What lines in the records include the string "melding"? Return each one.

Segment Start: Records supplied

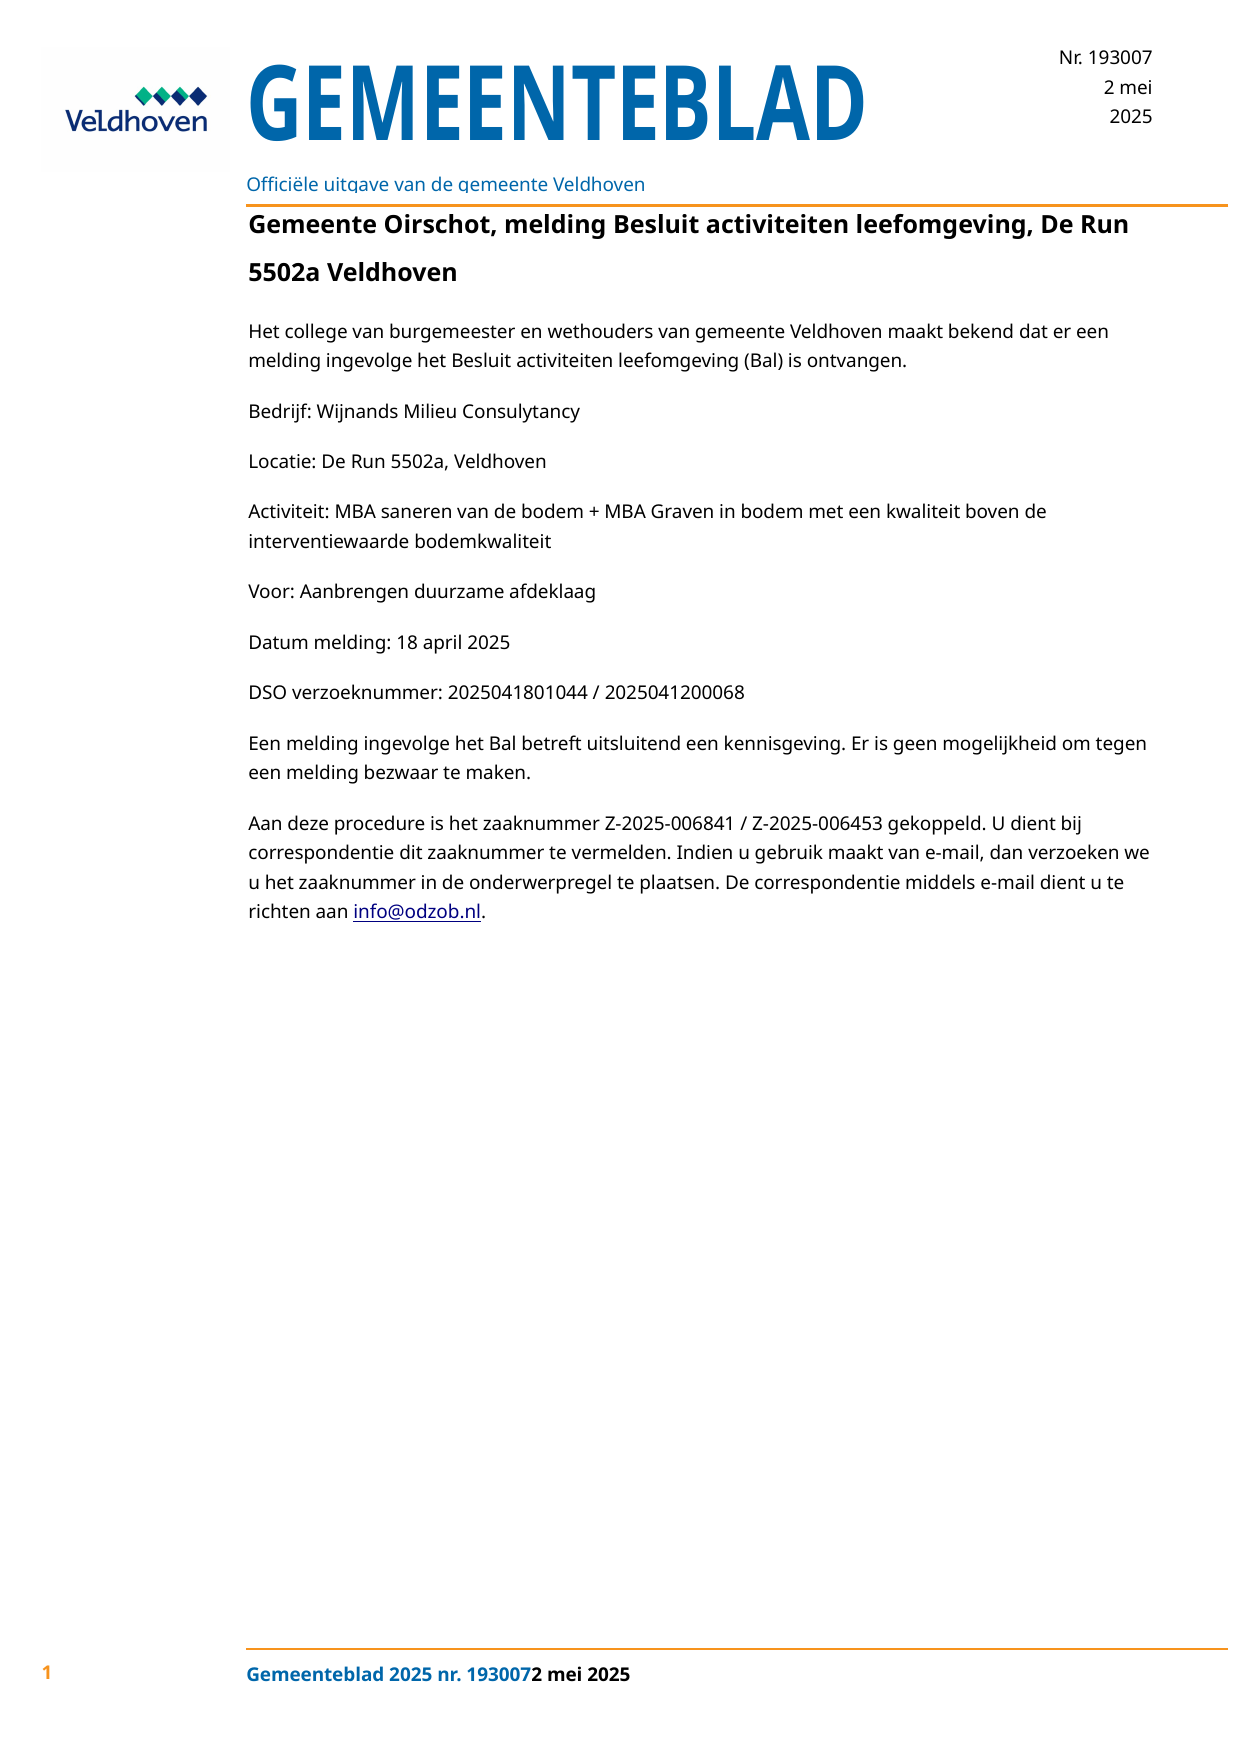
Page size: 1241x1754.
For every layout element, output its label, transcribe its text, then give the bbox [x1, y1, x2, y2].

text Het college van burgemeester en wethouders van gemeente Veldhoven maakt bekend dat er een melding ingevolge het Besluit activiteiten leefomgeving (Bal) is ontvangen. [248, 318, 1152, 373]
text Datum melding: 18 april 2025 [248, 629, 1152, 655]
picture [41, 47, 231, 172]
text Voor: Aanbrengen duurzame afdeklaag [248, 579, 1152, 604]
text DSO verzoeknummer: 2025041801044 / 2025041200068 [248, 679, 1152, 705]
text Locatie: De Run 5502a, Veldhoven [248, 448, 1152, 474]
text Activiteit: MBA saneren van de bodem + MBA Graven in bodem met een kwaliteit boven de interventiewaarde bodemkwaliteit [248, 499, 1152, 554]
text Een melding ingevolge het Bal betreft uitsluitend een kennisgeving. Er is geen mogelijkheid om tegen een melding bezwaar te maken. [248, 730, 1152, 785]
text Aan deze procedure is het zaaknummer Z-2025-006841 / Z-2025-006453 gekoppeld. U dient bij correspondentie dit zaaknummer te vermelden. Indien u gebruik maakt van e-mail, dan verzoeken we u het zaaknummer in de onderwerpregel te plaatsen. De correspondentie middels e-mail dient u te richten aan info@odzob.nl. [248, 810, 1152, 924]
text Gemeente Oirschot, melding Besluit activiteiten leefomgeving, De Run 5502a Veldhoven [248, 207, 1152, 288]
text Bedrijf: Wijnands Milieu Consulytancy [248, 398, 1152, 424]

Segment End: Records supplied
Segment Start: Records supplied

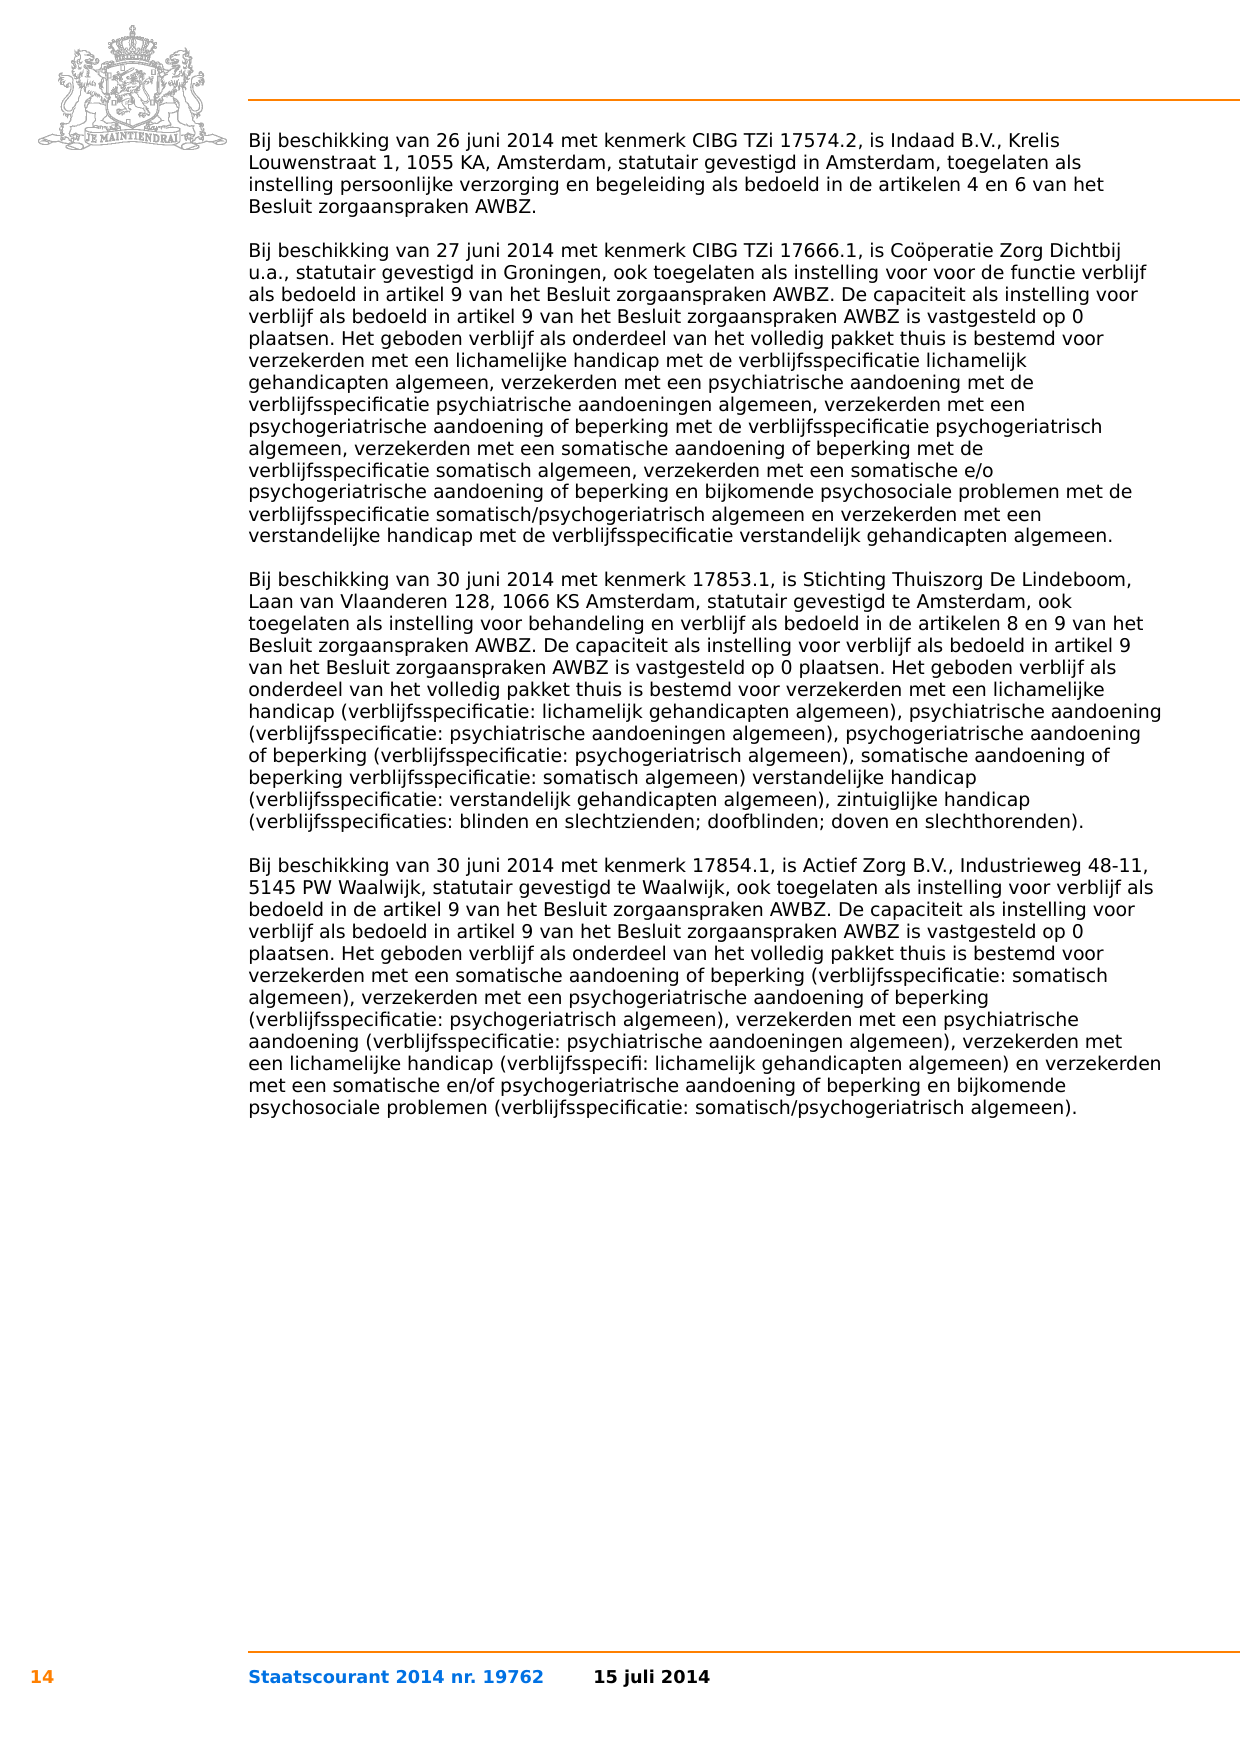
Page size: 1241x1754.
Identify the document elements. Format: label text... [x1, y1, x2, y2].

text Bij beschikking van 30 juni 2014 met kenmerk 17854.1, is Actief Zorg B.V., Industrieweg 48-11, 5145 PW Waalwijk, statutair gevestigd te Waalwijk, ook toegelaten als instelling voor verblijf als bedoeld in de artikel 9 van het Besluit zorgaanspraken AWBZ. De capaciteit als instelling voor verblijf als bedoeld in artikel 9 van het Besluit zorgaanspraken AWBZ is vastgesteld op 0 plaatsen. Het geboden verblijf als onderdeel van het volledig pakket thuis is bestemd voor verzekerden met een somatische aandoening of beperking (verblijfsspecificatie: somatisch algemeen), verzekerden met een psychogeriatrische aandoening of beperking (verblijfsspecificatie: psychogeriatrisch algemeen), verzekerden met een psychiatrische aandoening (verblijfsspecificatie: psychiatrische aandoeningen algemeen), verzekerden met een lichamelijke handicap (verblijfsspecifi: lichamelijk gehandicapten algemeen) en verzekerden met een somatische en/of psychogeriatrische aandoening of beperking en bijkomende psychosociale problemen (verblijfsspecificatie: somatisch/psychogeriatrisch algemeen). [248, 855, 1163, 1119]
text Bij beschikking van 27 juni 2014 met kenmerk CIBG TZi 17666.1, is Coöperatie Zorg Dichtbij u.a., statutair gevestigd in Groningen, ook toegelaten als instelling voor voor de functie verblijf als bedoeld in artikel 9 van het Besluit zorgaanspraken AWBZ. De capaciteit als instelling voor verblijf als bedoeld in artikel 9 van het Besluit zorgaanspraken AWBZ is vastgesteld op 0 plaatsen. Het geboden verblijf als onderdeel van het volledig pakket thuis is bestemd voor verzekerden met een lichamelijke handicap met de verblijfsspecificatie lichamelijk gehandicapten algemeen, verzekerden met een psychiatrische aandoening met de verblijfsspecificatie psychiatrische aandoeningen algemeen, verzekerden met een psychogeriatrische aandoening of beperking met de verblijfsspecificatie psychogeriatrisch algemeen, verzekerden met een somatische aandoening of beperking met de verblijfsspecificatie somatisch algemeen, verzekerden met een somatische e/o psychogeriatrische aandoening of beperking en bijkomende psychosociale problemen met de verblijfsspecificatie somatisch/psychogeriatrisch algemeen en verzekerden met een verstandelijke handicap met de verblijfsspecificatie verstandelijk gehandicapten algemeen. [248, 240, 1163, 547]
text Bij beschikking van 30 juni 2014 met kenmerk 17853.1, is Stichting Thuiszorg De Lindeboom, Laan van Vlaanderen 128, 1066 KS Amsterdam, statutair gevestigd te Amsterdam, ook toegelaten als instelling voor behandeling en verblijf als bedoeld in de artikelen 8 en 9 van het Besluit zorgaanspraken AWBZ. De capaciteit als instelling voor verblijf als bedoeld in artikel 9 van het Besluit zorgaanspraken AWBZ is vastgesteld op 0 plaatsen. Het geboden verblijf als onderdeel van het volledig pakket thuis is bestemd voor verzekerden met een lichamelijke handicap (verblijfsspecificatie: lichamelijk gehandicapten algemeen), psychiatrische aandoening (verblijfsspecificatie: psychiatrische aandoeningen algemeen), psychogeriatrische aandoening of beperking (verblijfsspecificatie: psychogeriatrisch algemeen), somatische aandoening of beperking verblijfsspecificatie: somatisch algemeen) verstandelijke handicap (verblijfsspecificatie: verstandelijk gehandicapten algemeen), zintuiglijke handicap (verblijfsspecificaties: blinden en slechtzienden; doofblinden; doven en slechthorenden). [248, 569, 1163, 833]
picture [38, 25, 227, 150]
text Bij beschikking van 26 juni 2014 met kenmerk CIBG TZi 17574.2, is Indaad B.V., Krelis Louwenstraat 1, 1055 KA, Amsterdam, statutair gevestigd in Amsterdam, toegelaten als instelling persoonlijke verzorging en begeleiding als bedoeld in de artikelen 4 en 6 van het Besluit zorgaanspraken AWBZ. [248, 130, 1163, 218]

Segment End: Records supplied

*Exercise output*
text Het college van burgemeester en wethouders van gemeente Veldhoven maakt bekend dat er een melding ingevolge het Besluit activiteiten leefomgeving (Bal) is ontvangen. [248, 318, 1152, 373]
text Datum melding: 18 april 2025 [248, 629, 1152, 655]
text Een melding ingevolge het Bal betreft uitsluitend een kennisgeving. Er is geen mogelijkheid om tegen een melding bezwaar te maken. [248, 730, 1152, 785]
text Gemeente Oirschot, melding Besluit activiteiten leefomgeving, De Run 5502a Veldhoven [248, 207, 1152, 288]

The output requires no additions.